Directions for this task
All entries below are to be written out again exactly, but no picture is to be copied.

=== Data listing ===

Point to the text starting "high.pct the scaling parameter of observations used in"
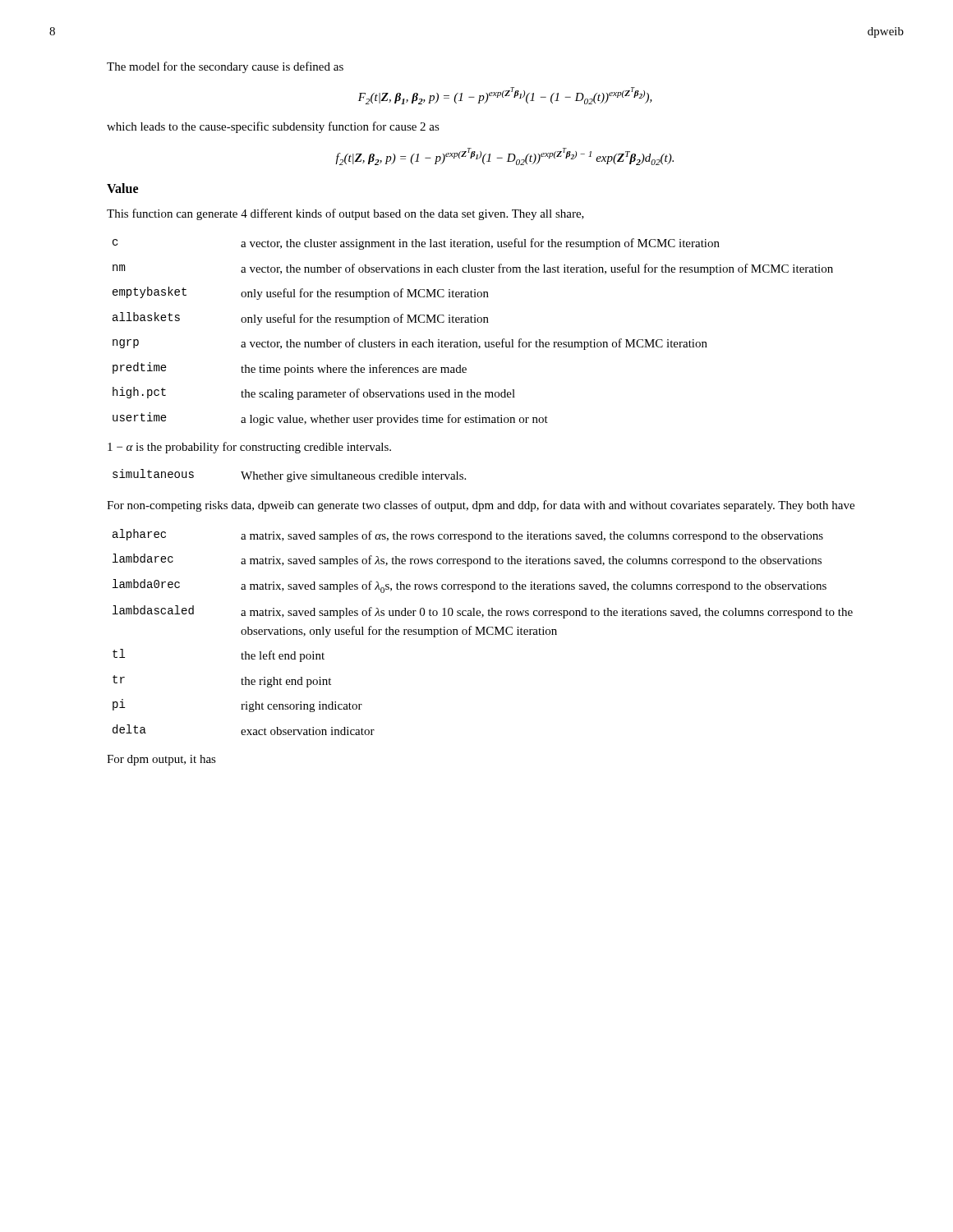The width and height of the screenshot is (953, 1232). pos(505,394)
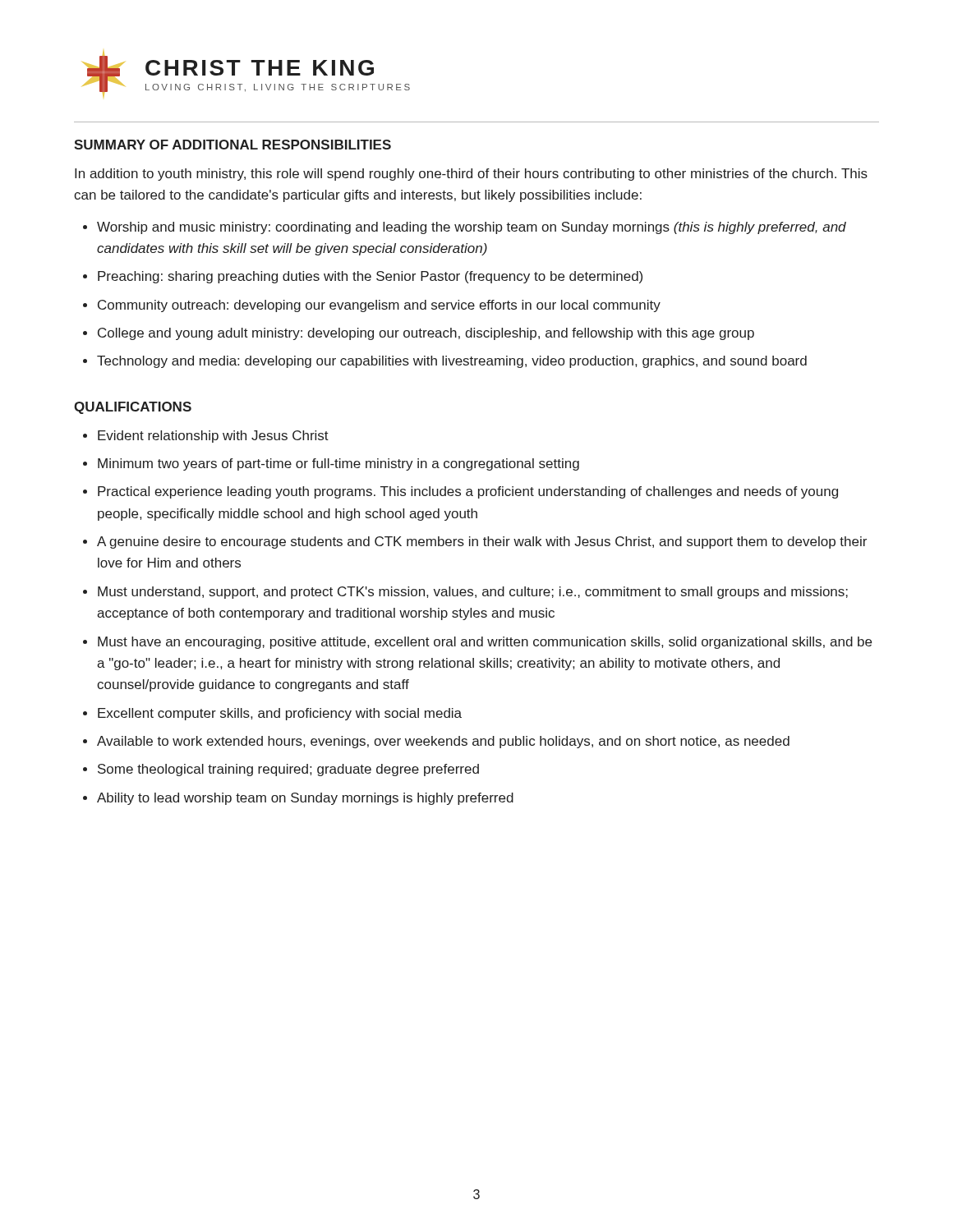Navigate to the text block starting "Excellent computer skills, and proficiency"
953x1232 pixels.
pyautogui.click(x=279, y=713)
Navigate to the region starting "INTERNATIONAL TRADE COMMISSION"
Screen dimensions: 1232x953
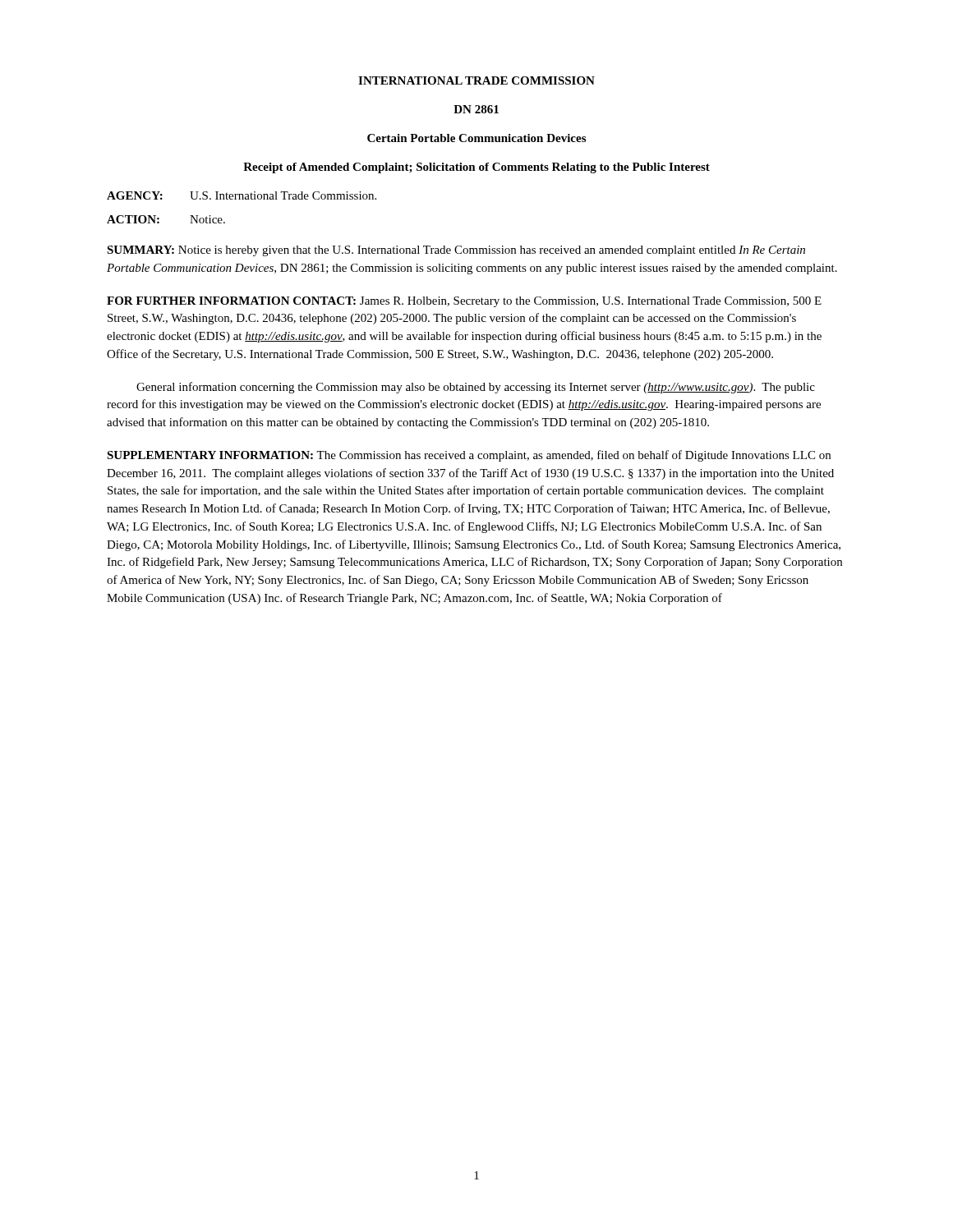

===

Written answer
Point to the text starting "high.pct the scaling parameter of observations used in"
The width and height of the screenshot is (953, 1232). pos(505,394)
Navigate to the text block starting "Excellent computer skills, and proficiency"
953x1232 pixels.
pyautogui.click(x=279, y=713)
Navigate to the region starting "INTERNATIONAL TRADE COMMISSION"
Screen dimensions: 1232x953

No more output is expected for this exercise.